What Does Helicobacter Test INFAI Contain?

Helicobacter Test INFAI has an exceptionally simple composition. Each sealed glass container holds 75 mg of 13C-urea (carbon-13 labelled urea) as a white, crystalline powder. The 13C-urea is the only active ingredient and the only substance present in the container. Unlike most pharmaceutical products, Helicobacter Test INFAI contains no excipients, binders, fillers, preservatives, colourings, flavourings, or coating agents whatsoever. This simplicity minimizes the risk of allergic reactions or intolerances and makes the product suitable for patients with multiple drug sensitivities or specific dietary restrictions.

The 13C-urea used in the test is produced by chemical synthesis using carbon dioxide enriched with the stable isotope carbon-13. The 13C enrichment of the urea is greater than 99 atom percent, meaning that virtually all of the carbon atoms in the urea molecules are the 13C isotope rather than the more common 12C isotope. This high level of enrichment is essential for the diagnostic sensitivity of the test, as it ensures that a measurable change in the 13CO₂/12CO₂ ratio can be detected in exhaled breath even with the small 75 mg dose.

The molecular formula of urea is CO(NH₂)₂, and the molecular weight of 13C-urea is 61.06 g/mol (compared to 60.06 g/mol for ordinary 12C-urea). Urea is a colourless, odourless, highly water-soluble organic compound that is the primary end product of nitrogen metabolism in mammals. It is produced by the liver through the urea cycle and excreted by the kidneys. In the body, urea is present in blood, urine, sweat, and all body fluids at concentrations of 2.5–7.8 mmol/L in plasma under normal physiological conditions.
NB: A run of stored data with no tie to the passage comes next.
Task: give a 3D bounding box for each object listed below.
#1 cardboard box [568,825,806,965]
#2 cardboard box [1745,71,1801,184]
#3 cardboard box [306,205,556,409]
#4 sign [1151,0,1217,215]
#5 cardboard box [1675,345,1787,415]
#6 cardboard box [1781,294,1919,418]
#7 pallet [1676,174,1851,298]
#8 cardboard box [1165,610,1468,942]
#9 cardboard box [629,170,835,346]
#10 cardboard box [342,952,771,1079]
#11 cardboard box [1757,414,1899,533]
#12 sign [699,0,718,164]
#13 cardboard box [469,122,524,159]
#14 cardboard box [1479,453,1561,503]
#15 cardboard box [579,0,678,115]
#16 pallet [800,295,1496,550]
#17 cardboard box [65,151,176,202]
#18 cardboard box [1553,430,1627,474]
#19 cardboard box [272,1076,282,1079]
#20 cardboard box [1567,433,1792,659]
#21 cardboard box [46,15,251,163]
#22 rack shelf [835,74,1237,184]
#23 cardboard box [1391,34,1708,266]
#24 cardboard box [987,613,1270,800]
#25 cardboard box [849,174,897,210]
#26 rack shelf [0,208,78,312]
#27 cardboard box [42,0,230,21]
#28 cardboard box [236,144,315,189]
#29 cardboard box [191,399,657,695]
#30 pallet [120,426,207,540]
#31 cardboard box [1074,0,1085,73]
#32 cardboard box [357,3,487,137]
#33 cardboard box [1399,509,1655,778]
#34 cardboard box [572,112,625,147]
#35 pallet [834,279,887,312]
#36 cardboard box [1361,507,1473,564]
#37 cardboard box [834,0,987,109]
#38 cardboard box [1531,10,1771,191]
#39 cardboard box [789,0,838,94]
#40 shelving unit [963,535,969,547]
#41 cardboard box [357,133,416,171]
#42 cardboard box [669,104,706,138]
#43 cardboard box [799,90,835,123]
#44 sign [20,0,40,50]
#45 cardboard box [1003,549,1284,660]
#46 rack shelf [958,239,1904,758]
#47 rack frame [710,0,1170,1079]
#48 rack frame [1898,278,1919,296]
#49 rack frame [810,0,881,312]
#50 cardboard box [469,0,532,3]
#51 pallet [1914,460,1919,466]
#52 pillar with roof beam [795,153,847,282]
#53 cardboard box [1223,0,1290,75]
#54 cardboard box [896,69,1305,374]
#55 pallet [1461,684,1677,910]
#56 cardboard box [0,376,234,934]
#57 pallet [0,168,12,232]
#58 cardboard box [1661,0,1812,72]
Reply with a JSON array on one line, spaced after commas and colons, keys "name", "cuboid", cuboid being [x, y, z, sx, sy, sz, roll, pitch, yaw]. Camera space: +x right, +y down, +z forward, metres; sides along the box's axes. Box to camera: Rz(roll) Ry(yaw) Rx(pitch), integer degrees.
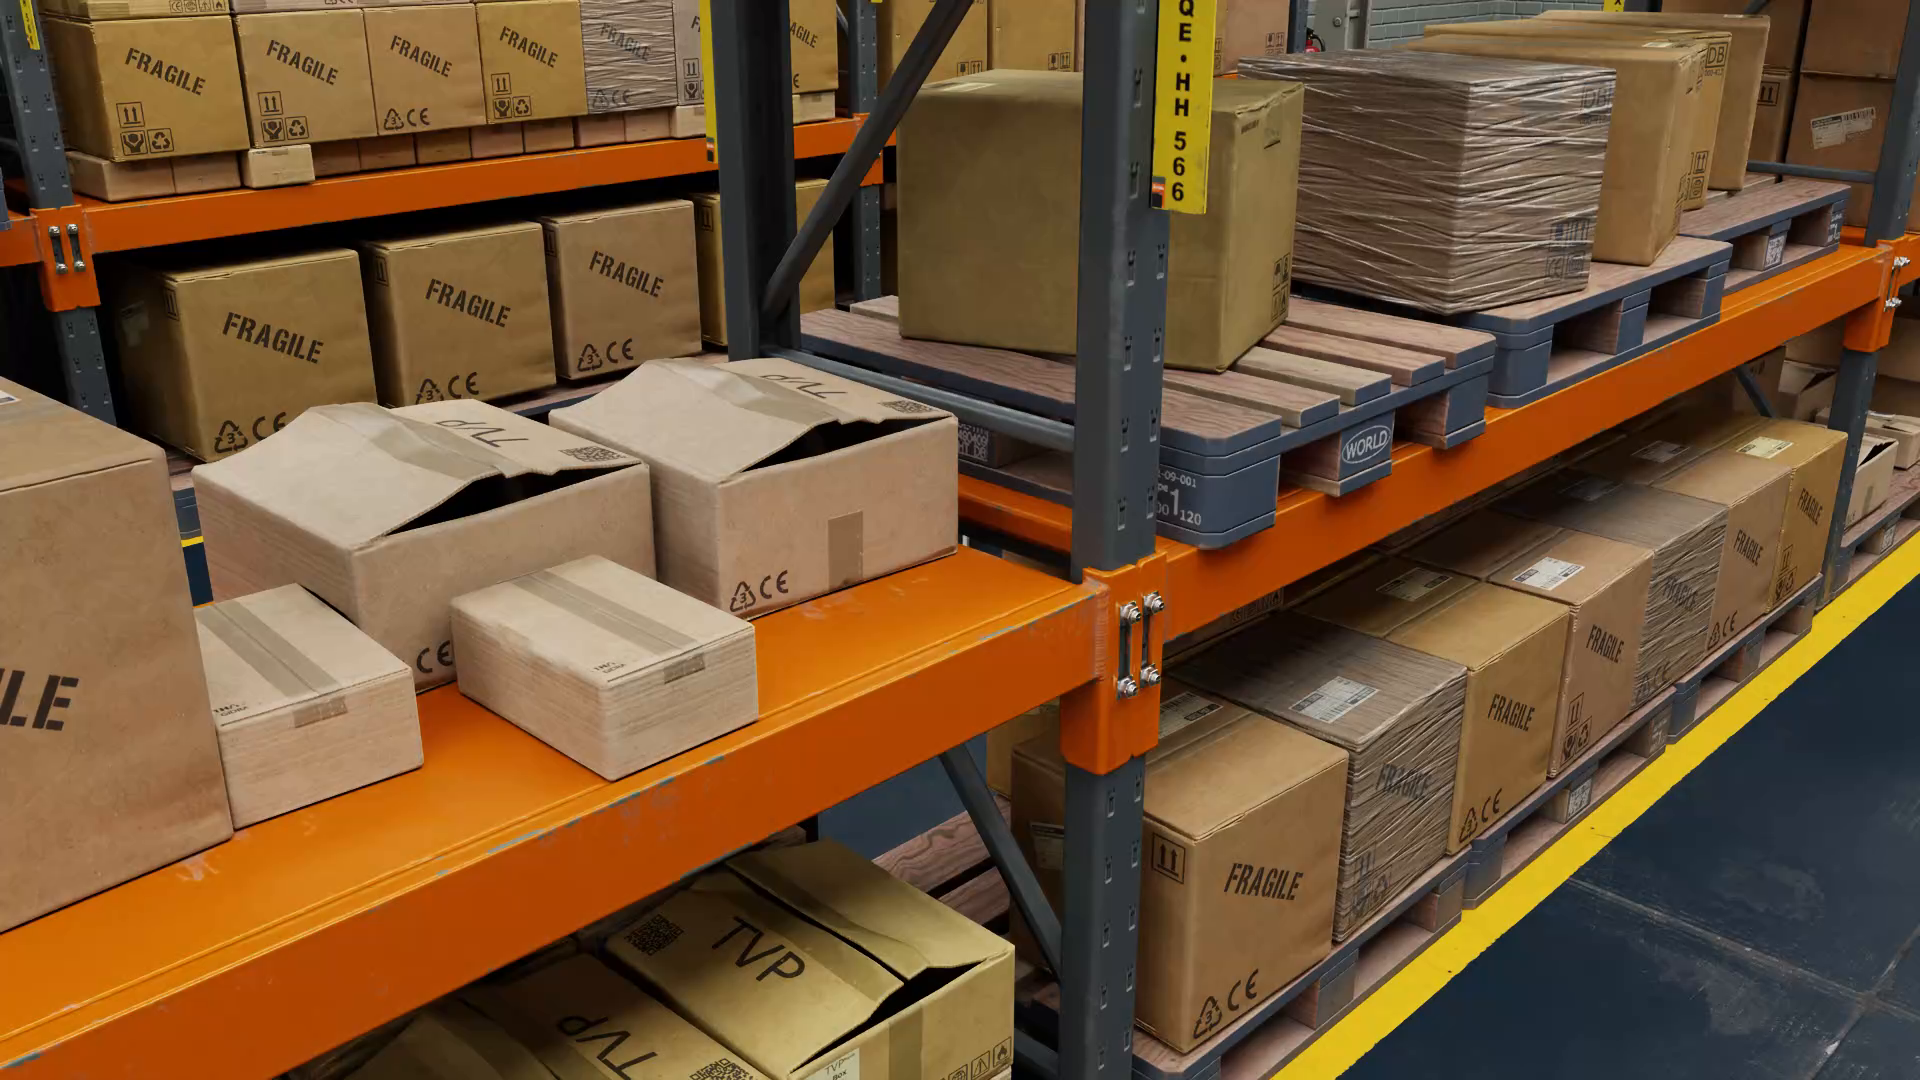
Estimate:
[{"name": "cardboard box", "cuboid": [-0.643, 0.635, 3.206, 0.500, 0.311, 0.500, -19, 28, -40]}, {"name": "cardboard box", "cuboid": [2.888, -1.519, 6.206, 0.500, 0.500, 0.500, -20, 28, -41]}, {"name": "cardboard box", "cuboid": [-2.396, -1.063, 7.569, 0.750, 0.750, 0.750, 19, 28, 40]}, {"name": "sign", "cuboid": [0.333, -0.654, 2.481, 0.100, 0.325, 0.005, 19, 28, 41]}, {"name": "cardboard box", "cuboid": [2.918, -0.536, 6.658, 0.500, 0.500, 0.500, 19, 28, 41]}, {"name": "cardboard box", "cuboid": [4.030, -0.804, 7.352, 0.797, 0.503, 0.637, 19, 28, 41]}, {"name": "pallet", "cuboid": [2.088, -1.012, 5.294, 1.003, 0.211, 1.213, 19, 28, 41]}, {"name": "cardboard box", "cuboid": [0.817, 0.529, 3.889, 0.500, 0.500, 0.500, 18, 27, 39]}, {"name": "cardboard box", "cuboid": [-1.189, -1.511, 8.737, 0.750, 0.750, 0.750, 20, 28, 41]}, {"name": "cardboard box", "cuboid": [-0.614, 0.906, 2.503, 0.500, 0.311, 0.500, 19, 28, 40]}, {"name": "cardboard box", "cuboid": [3.171, -0.284, 6.266, 0.500, 0.311, 0.500, 19, 28, 41]}, {"name": "sign", "cuboid": [-0.462, -0.888, 3.201, 0.100, 0.325, 0.005, 19, 28, 41]}, {"name": "cardboard box", "cuboid": [-2.161, -1.806, 7.415, 0.380, 0.149, 0.250, 19, 28, 41]}, {"name": "cardboard box", "cuboid": [1.514, -0.348, 5.124, 0.500, 0.250, 0.500, 19, 28, 41]}, {"name": "cardboard box", "cuboid": [-1.675, -2.271, 7.720, 0.500, 0.500, 0.500, 19, 28, 41]}, {"name": "pallet", "cuboid": [0.356, -0.354, 3.581, 1.213, 0.211, 1.003, 19, 28, 41]}, {"name": "cardboard box", "cuboid": [-3.223, -1.409, 6.382, 0.380, 0.149, 0.250, 19, 28, 40]}, {"name": "cardboard box", "cuboid": [1.847, -0.115, 5.564, 0.500, 0.500, 0.500, -20, 28, -41]}, {"name": "cardboard box", "cuboid": [-1.361, 0.903, 2.510, 0.500, 0.311, 0.500, 18, 28, 39]}, {"name": "cardboard box", "cuboid": [2.234, 0.005, 5.251, 0.500, 0.500, 0.500, 19, 28, 41]}, {"name": "cardboard box", "cuboid": [-3.096, -1.746, 6.354, 0.500, 0.500, 0.500, -19, 28, -40]}, {"name": "rack shelf", "cuboid": [0.567, -2.697, 10.413, 1.077, 0.370, 4.000, 19, 28, 41]}, {"name": "cardboard box", "cuboid": [1.535, -1.053, 4.408, 0.700, 0.500, 0.500, 12, 24, 27]}, {"name": "cardboard box", "cuboid": [0.417, 0.411, 4.196, 0.500, 0.500, 0.500, -19, 28, -40]}, {"name": "cardboard box", "cuboid": [-0.477, -2.030, 9.669, 0.380, 0.149, 0.250, 19, 28, 40]}, {"name": "rack shelf", "cuboid": [-5.014, -0.640, 5.062, 1.077, 0.370, 4.000, 19, 28, 41]}, {"name": "cardboard box", "cuboid": [-3.097, -2.095, 6.216, 0.500, 0.250, 0.500, -19, 28, -41]}, {"name": "cardboard box", "cuboid": [-2.795, -1.519, 6.667, 0.250, 0.149, 0.380, -19, 28, -40]}, {"name": "cardboard box", "cuboid": [-0.830, -0.028, 2.592, 0.500, 0.311, 0.500, 19, 28, 40]}, {"name": "pallet", "cuboid": [-3.015, -0.372, 7.249, 1.003, 0.211, 1.213, 19, 28, 41]}, {"name": "cardboard box", "cuboid": [0.576, -3.170, 10.222, 0.980, 0.700, 0.700, 18, 27, 38]}, {"name": "cardboard box", "cuboid": [-2.378, -2.006, 7.030, 0.500, 0.500, 0.500, 19, 28, 40]}, {"name": "cardboard box", "cuboid": [1.530, 0.265, 4.574, 0.500, 0.500, 0.500, 18, 27, 39]}, {"name": "cardboard box", "cuboid": [-1.779, -1.937, 7.756, 0.380, 0.149, 0.250, 18, 28, 39]}, {"name": "pallet", "cuboid": [-0.242, -1.393, 9.904, 1.003, 0.211, 1.213, 19, 28, 41]}, {"name": "cardboard box", "cuboid": [1.140, 0.141, 4.897, 0.500, 0.500, 0.500, 18, 27, 39]}, {"name": "cardboard box", "cuboid": [-0.438, -2.794, 9.244, 0.700, 0.700, 0.980, -20, 28, -41]}, {"name": "cardboard box", "cuboid": [2.233, -1.457, 5.458, 0.700, 0.500, 0.500, 9, 23, 23]}, {"name": "cardboard box", "cuboid": [-0.970, -2.532, 8.398, 0.500, 0.500, 0.500, 19, 28, 40]}, {"name": "shelving unit", "cuboid": [0.115, -0.603, 6.470, 0.258, 1.200, 0.503, 19, 28, 41]}, {"name": "cardboard box", "cuboid": [-2.533, -1.683, 7.095, 0.250, 0.149, 0.380, -19, 28, -41]}, {"name": "cardboard box", "cuboid": [-1.376, -2.044, 8.034, 0.380, 0.149, 0.250, 19, 28, 41]}, {"name": "cardboard box", "cuboid": [-0.861, -2.253, 8.577, 0.380, 0.149, 0.250, 20, 28, 41]}, {"name": "sign", "cuboid": [-3.223, -1.860, 5.730, 0.100, 0.325, 0.005, 19, 28, 41]}, {"name": "cardboard box", "cuboid": [0.454, 0.045, 4.102, 0.500, 0.250, 0.500, -19, 28, -40]}, {"name": "rack shelf", "cuboid": [1.328, -0.430, 4.514, 1.077, 0.370, 4.000, 19, 28, 41]}, {"name": "rack frame", "cuboid": [-0.067, -0.251, 3.048, 1.000, 3.000, 0.127, 19, 28, 41]}, {"name": "rack frame", "cuboid": [5.514, -2.308, 8.398, 1.000, 3.000, 0.127, 19, 28, 41]}, {"name": "rack frame", "cuboid": [-0.828, -2.518, 8.946, 1.000, 3.000, 0.127, 19, 28, 41]}, {"name": "cardboard box", "cuboid": [-2.045, -2.488, 7.240, 0.500, 0.250, 0.500, 19, 28, 40]}, {"name": "pallet", "cuboid": [4.054, -0.469, 7.502, 1.003, 0.211, 1.213, 19, 28, 41]}, {"name": "pillar with roof beam", "cuboid": [2.125, -4.638, 6.098, 9.100, 9.000, 0.400, 19, 28, 41]}, {"name": "cardboard box", "cuboid": [1.614, -3.553, 11.220, 0.700, 0.700, 0.980, -19, 28, -40]}, {"name": "cardboard box", "cuboid": [0.292, -0.684, 3.449, 0.700, 0.500, 0.500, 9, 23, 23]}, {"name": "pallet", "cuboid": [1.332, 0.556, 4.835, 1.003, 0.211, 1.213, 19, 28, 41]}, {"name": "cardboard box", "cuboid": [-1.226, 0.137, 1.897, 0.500, 0.500, 0.500, 17, 27, 38]}, {"name": "pallet", "cuboid": [-4.040, -1.191, 5.759, 1.213, 0.211, 1.003, 19, 28, 41]}, {"name": "cardboard box", "cuboid": [2.891, -1.988, 6.032, 0.500, 0.500, 0.500, 19, 28, 41]}]

The complete Helicobacter Test INFAI kit typically includes:

• One sealed container with 75 mg 13C-urea powder
• Two breath collection tubes or bags (for baseline and post-dose samples)
• A straw or mouthpiece for breath collection
• A patient record form with pre-printed labels
• A package insert with instructions for use
• A padded return envelope for mailing samples to the analysis laboratory

The breath collection tubes or bags are inert, sealed containers designed to preserve the 13CO₂/12CO₂ ratio of the exhaled breath sample during transport to the laboratory. They are typically stable for several weeks at room temperature, allowing samples to be collected at remote locations and shipped to centralized analytical laboratories without loss of accuracy.